La Val Padana come ogni inverno è tormentata dall’aria inquinata, superiore ai già indulgenti limiti di legge (per esempio per le polveri non si devono superare i 50 microgrammi al metro cubo mentre Oms raccomanda di stare entro i 25). Certo non fa notizia come la Cina, dove però da qualche tempo ai livelli stellari di polveri si contrappongono provvedimenti molto restrittivi a protezione della salute dei cittadini di Pechino e altre megalopoli. Comunque, anche se la Val Padana non è la Cina, dopo la pubblicazione delle analisi statistiche europee che mettono a decine di migliaia l’anno le vittime italiane del “mal d’aria”, due riflessioni è il caso di farle.
Le cause del mal d’aria padano sono di due tipi, strutturali e congiunturali. Su quelle strutturali si può fare poco: la valle del Po è circondata quasi completamente da alti monti che bloccano i flussi dei venti occidentali, è abitata da oltre venti milioni di persone altamente produttive, ed è attraversata da un fitto reticolo di strade ed autostrade.
Le cause congiunturali invece sono molto più interessanti, perché su di esse si può agire molto più radicalmente di quanto non si faccia ora con i vari e inefficaci piani di “qualità dell’aria” (inquinamento è una brutta parola anni Settanta che non si può più dire in Italia, per cui si usa il suo contrario).
Le cause congiunturali dell’inquinamento invernale sono sostanzialmente i trasporti, i riscaldamenti, le industrie e l’agricoltura. Le prime tre sono attività che vengono svolte quasi solo bruciando combustibili fossili, il che direttamente o indirettamente fa aumentare le polveri.
Sull’agricoltura il discorso è più complicato perché ha soprattutto a che fare con lo spandimento dei liquami zootecnici sui terreni, con liberazione di ammoniaca e successiva formazione di particolato (secondario) per reazioni chimiche. Su quest’ultimo problema però sarebbe facile e immediato agire, basterebbe adottare anche in Italia la legge in vigore in Olanda da oltre trent’anni, che prevede l’iniezione obbligatoria dei liquami direttamente nel terreno, con particolari macchinari perfettamente reperibili sul mercato.
Per quanto riguarda le prime tre cause invece il discorso è più banale: bisogna usare meno energia e usarla elettrica. Per gli edifici ci vuole un grosso programma di coibentazione che riduca la necessità di riscaldarli nelle stagioni fredde, e i riscaldamenti dovrebbero essere elettrici (per esempio con pompe di calore alimentate a fotovoltaico). Stesso discorso per i trasporti e l’industria, ovvero usare solo motori e macchinari elettrici, alimentati a fotovoltaico ed eolico.

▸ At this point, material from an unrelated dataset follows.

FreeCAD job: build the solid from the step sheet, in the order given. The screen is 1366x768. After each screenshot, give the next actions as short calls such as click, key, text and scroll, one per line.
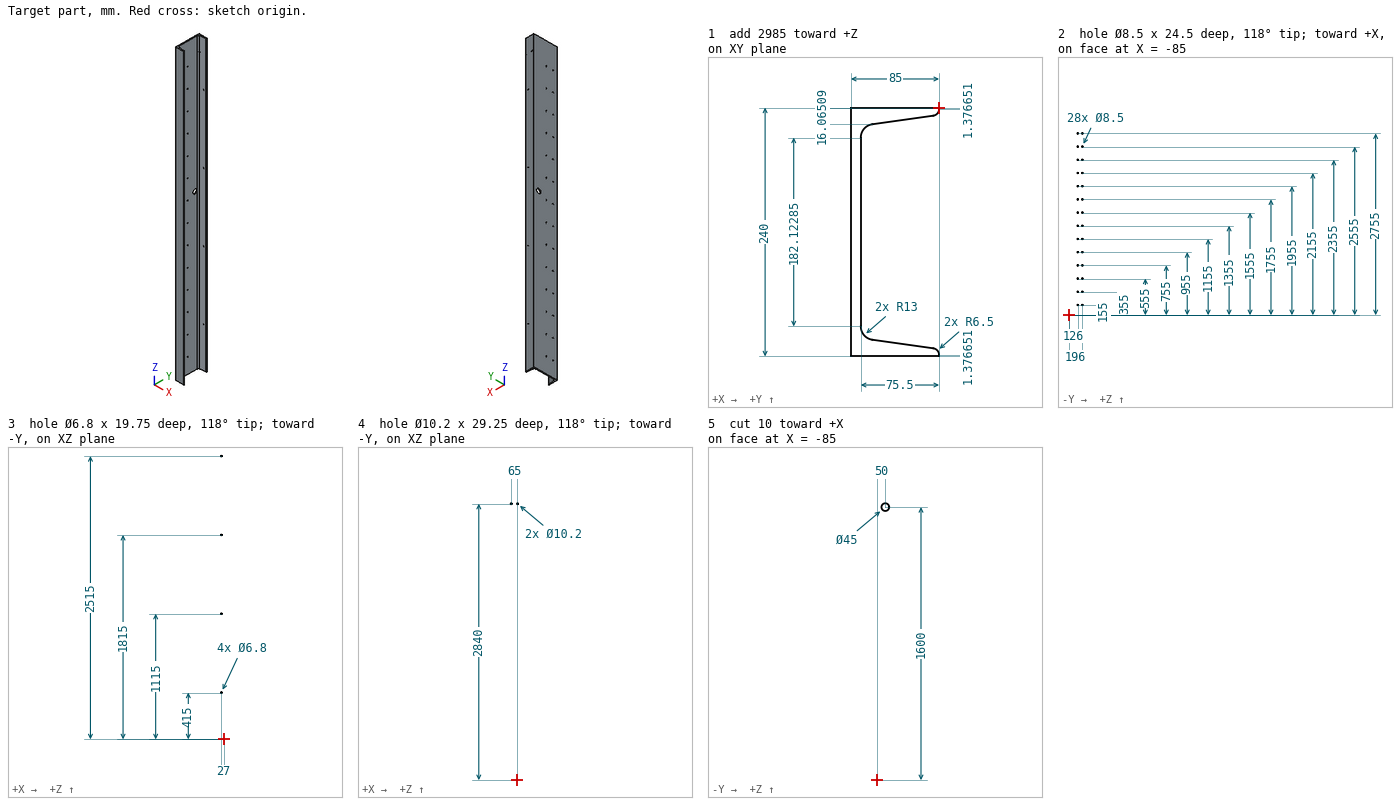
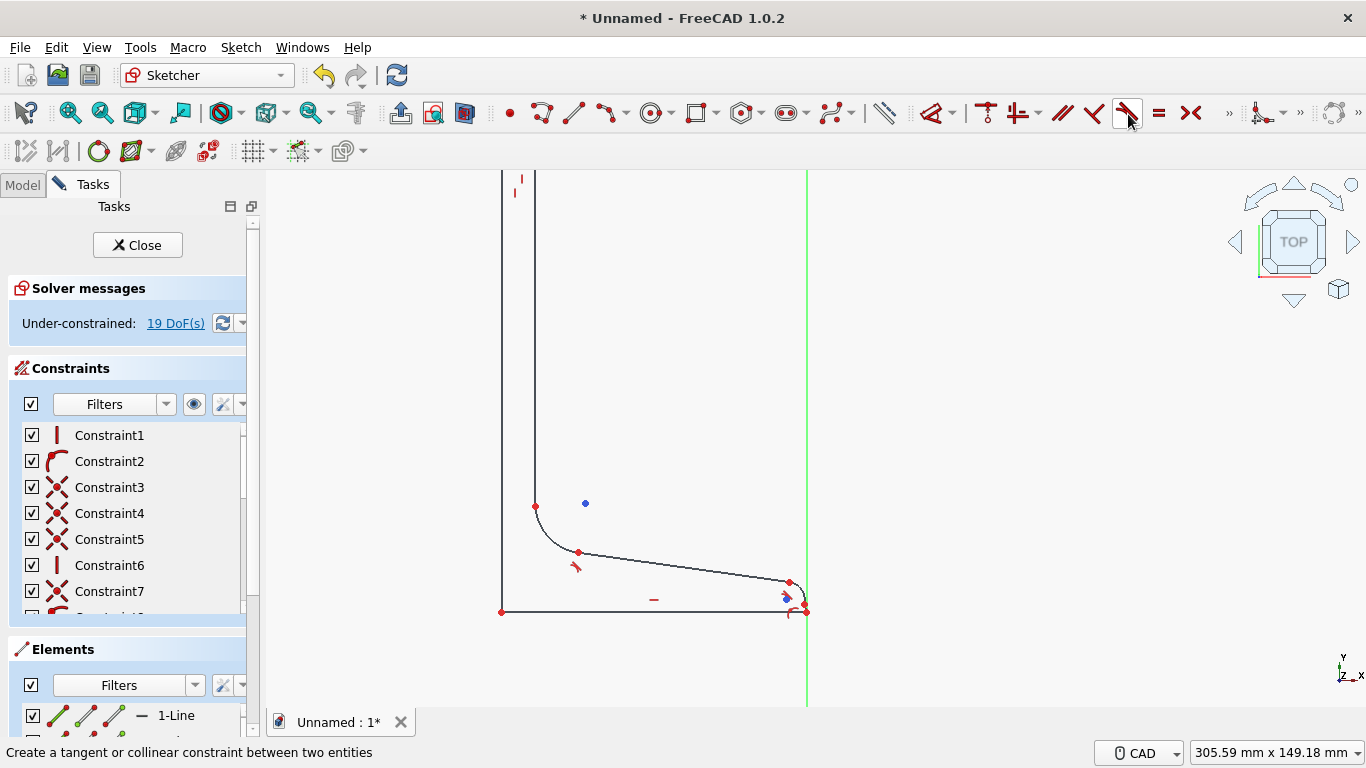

Siccome per il momento l’Italia è un paese unito (anche dagli elettrodotti) e il grosso delle risorse eoliche e solari sono disponibili al sud, ecco che l’elettrificazione integrale della Val Padana potrebbe essere un’occasione di sviluppo per il sud, sia per la produzione che per l’installazione e manutenzione dei necessari impianti di generazione di energia eolica e solare.
Oltre a salvare un numero enorme di vite umane un altro effetto benefico di un simile programma di lungo respiro (è proprio il caso di dirlo) sarebbe la drastica riduzione anche delle emissioni di gas serra, trasformandoci in un paese faro della rivoluzione energetica e climatica in Europa.
Se le intelligenze tecniche ed economiche disponibili nel paese convergessero su un piano simile sarebbe possibile metterne giù in breve tempo una versione attuabile, calendarizzata diciamo su dieci anni, massimo quindici. Non sono bubbole, se un paese come l’Uruguay in pochi anni è passato al 95% di fonti rinnovabili ed è diventato da importatore a esportatore netto di energia elettrica, figuriamoci se noi non possiamo dare una bella ripulita all’aria della val Padana. Basta mettercisi, seriamente.
PS I soldi necessari sarebbero reperibili sospendendo tutte le sovvenzioni vigenti (per miliardi di euro) alle attività inquinanti e tassando opportunamente i costi esterni provocati dalle stesse (per esempio attuando la direttiva Eurovignette, che appunto questo prevede).